Note - it's not very clear, but if you look at the integration you need to get in (b), it is clear that this is what is needed.

 

[+GriM ReApeR+]

Originally posted by CM_Tutor
It means you need to find real numbers A, B and C such that

sin⁴2x = A + Bcos4x + Ccos8x

Note - it's not very clear, but if you look at the integration you need to get in (b), it is clear that this is what is needed.

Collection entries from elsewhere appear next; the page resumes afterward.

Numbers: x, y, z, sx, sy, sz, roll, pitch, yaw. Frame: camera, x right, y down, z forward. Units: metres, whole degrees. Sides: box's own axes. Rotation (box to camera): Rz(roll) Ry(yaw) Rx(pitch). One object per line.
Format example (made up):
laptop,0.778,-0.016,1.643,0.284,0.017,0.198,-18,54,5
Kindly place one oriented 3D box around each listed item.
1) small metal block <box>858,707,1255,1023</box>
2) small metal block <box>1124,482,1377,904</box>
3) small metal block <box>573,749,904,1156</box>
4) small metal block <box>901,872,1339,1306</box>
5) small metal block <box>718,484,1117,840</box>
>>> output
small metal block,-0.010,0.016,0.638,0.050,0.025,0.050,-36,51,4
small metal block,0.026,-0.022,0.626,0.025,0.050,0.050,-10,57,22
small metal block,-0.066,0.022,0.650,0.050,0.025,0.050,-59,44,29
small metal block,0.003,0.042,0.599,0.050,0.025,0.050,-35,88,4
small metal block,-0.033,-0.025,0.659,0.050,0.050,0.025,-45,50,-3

so that means i have to expand sin^4(2x)?

 

[CM_Tutor]

You will need to get an expression for sin²2x by expanding cos4x. Then square - you can eliminate the cos²4x term that results by looking at cos8x.

 

[AGB]

Originally posted by CM_Tutor
You will need to get an expression for sin²2x by expanding cos4x. Then square - you can eliminate the cos²4x term that results by looking at cos8x.

cant you just use that formula for sin²x = (.5 - .5cos2x) i.e. re write the equation as (sin²x)² then do it normally??

 

[CM_Tutor]

Originally posted by AGB
cant you just use that formula for sin²x = (.5 - .5cos2x) i.e. re write the equation as (sin²x)² then do it normally??

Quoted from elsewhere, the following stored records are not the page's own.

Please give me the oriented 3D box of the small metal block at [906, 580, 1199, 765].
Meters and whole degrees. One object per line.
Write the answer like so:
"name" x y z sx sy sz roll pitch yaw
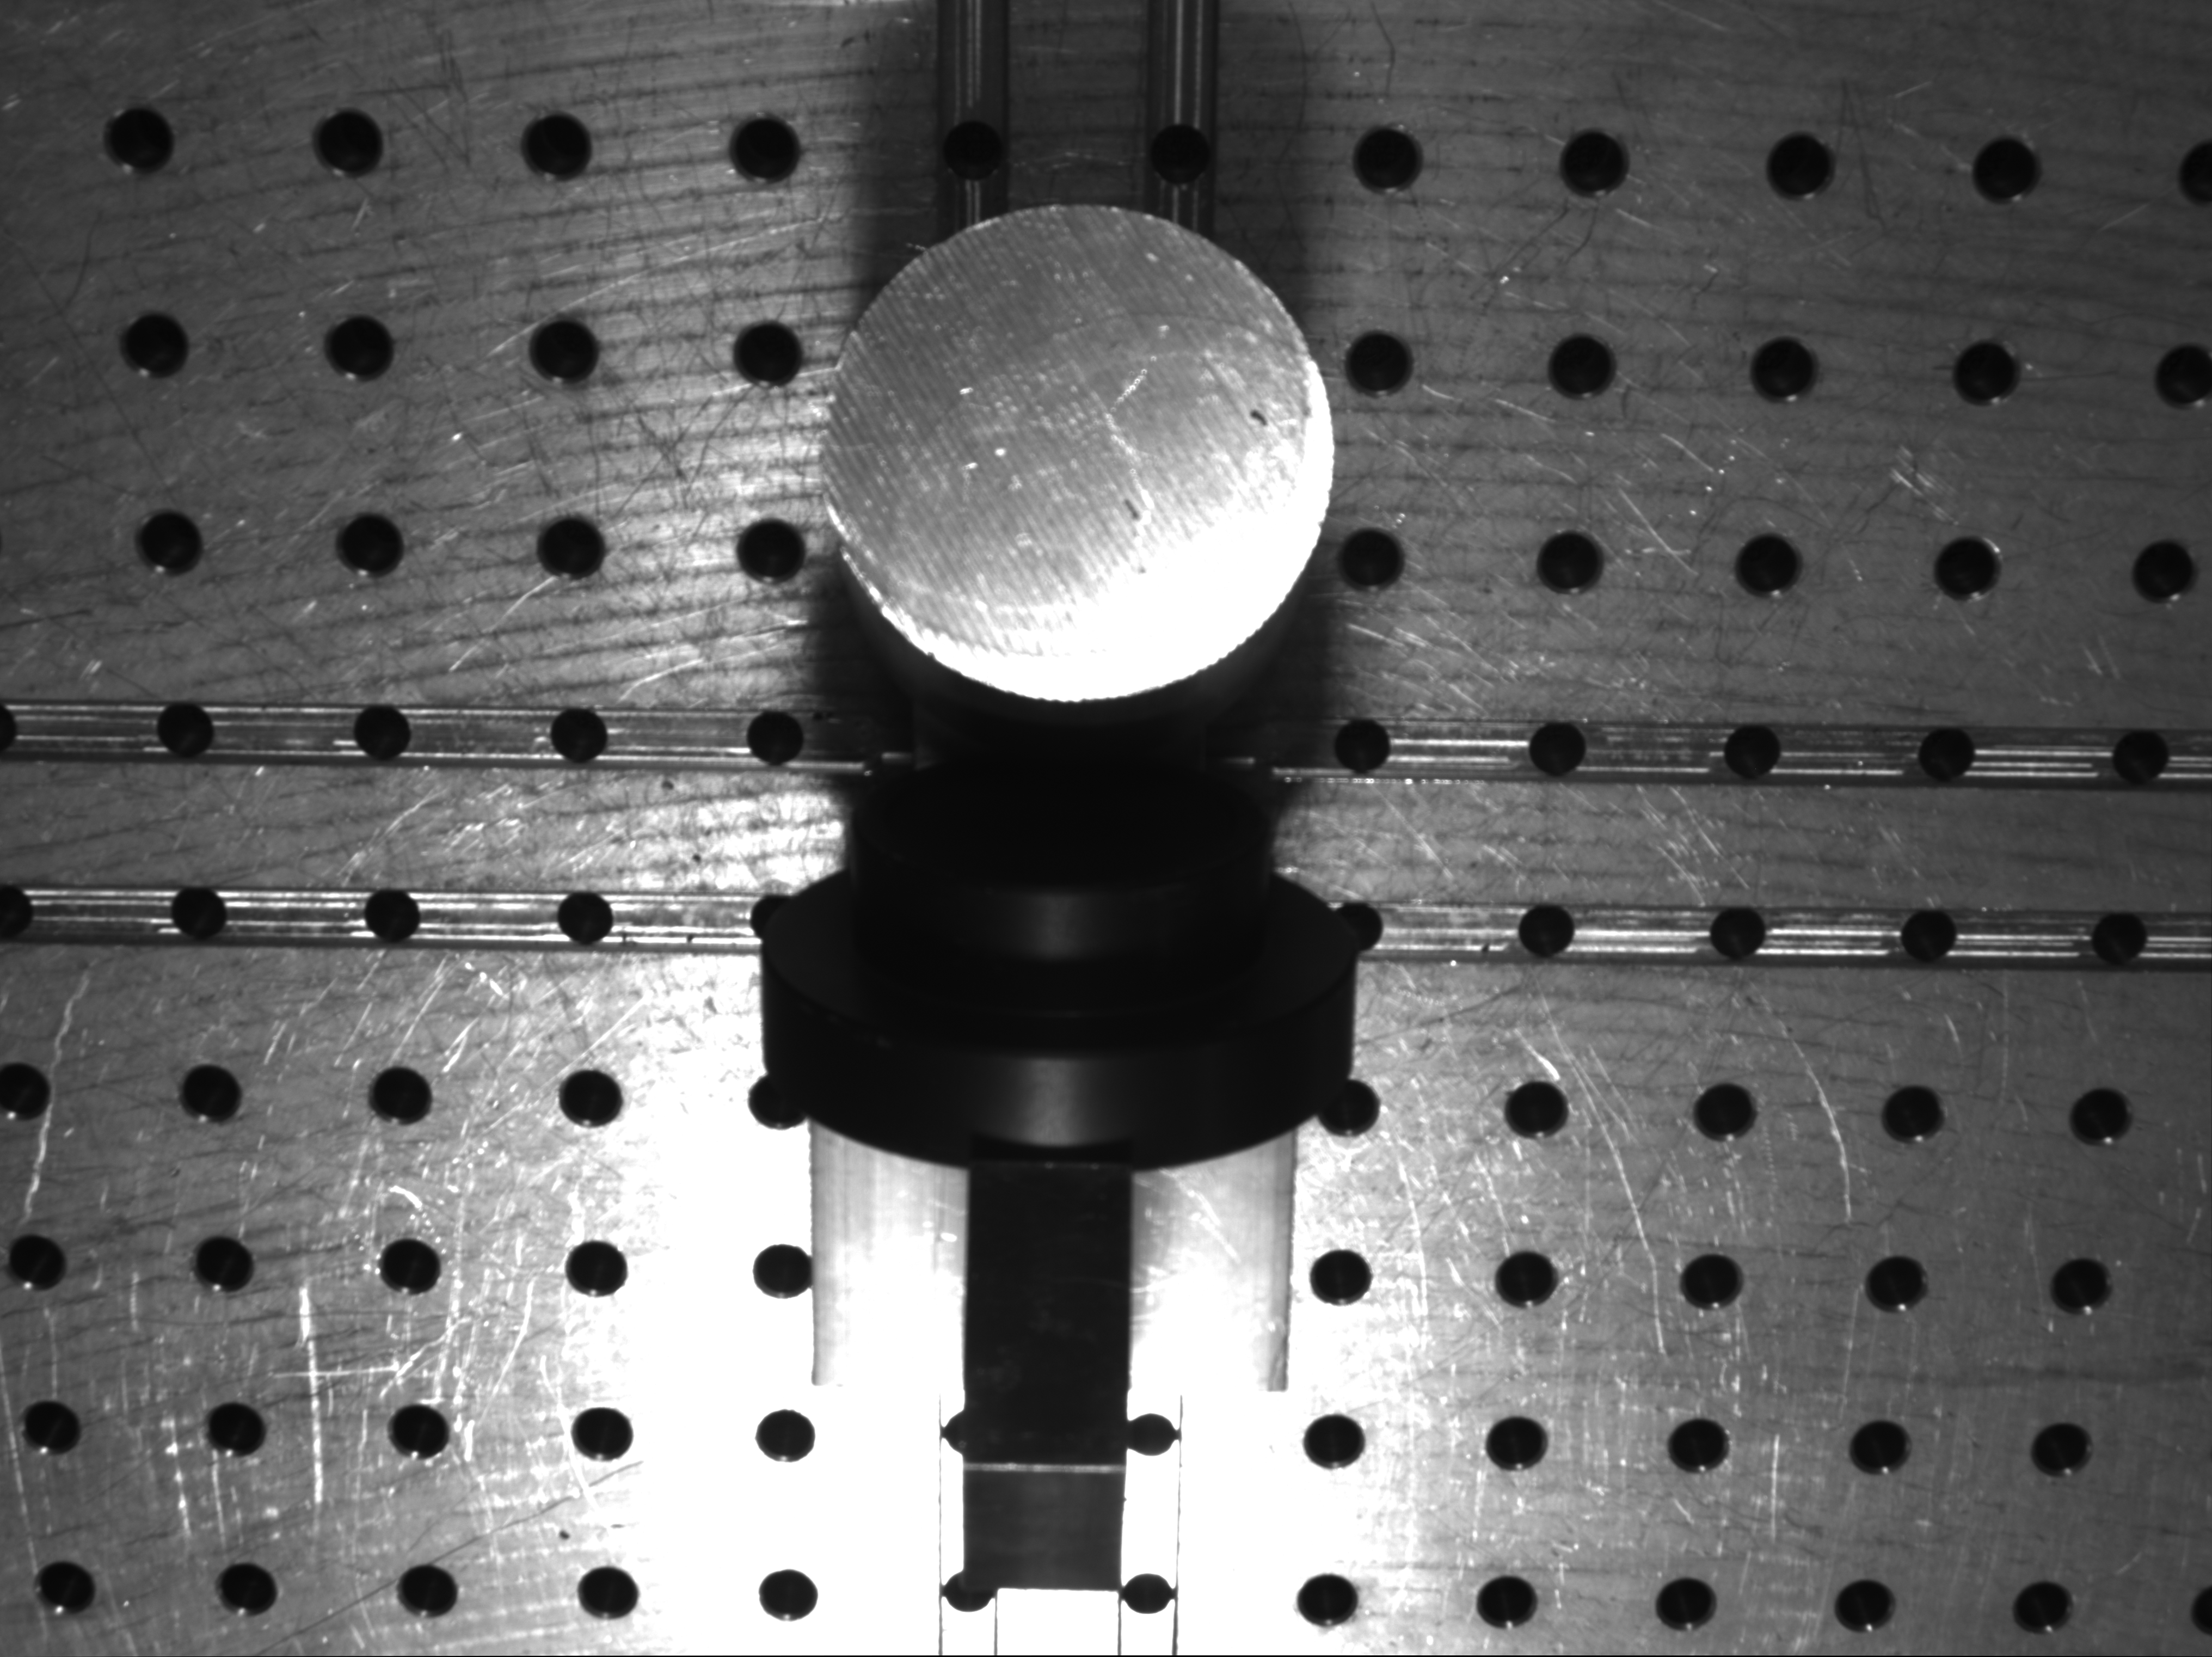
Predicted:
"small metal block" -0.009 -0.021 0.637 0.050 0.025 0.050 1 110 -1

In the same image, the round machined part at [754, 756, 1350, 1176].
"round machined part" -0.009 0.018 0.602 0.098 0.098 0.042 1 110 -1

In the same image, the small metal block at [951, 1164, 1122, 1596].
"small metal block" -0.011 0.086 0.567 0.025 0.050 0.050 1 148 -1

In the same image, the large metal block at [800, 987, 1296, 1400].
"large metal block" -0.010 0.057 0.636 0.080 0.080 0.050 1 110 -1

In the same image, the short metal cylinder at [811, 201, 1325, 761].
"short metal cylinder" -0.006 -0.055 0.594 0.080 0.050 0.080 0 80 -1

Remember that the question asked for sin⁴2x in terms of cos4x

 

[AGB]

Originally posted by CM_Tutor
Remember that the question asked for sin⁴2x in terms of cos4x

sorry... typo...

but i got the right answer using that identity (you have to use it twice):

sin⁴x = (sin²x)²

= (.5 - .5cos4x)²

= .25 - .5cos4x + .25(cos²4x)

integrate that and you get....

= .25x - .125sin4x + .25[.5x + .125sin8x]

= 3x/8 - sin4x/8 + sin8x/64 + C

as required...

 

[CM_Tutor]

You mean sin⁴2x = (sin²2x)² = (.5 - .5cos4x)² = .25 - .5cos4x + .25(cos²4x)
which is the same as expanding cos4x and then squaring.

In other words, our methods are the same.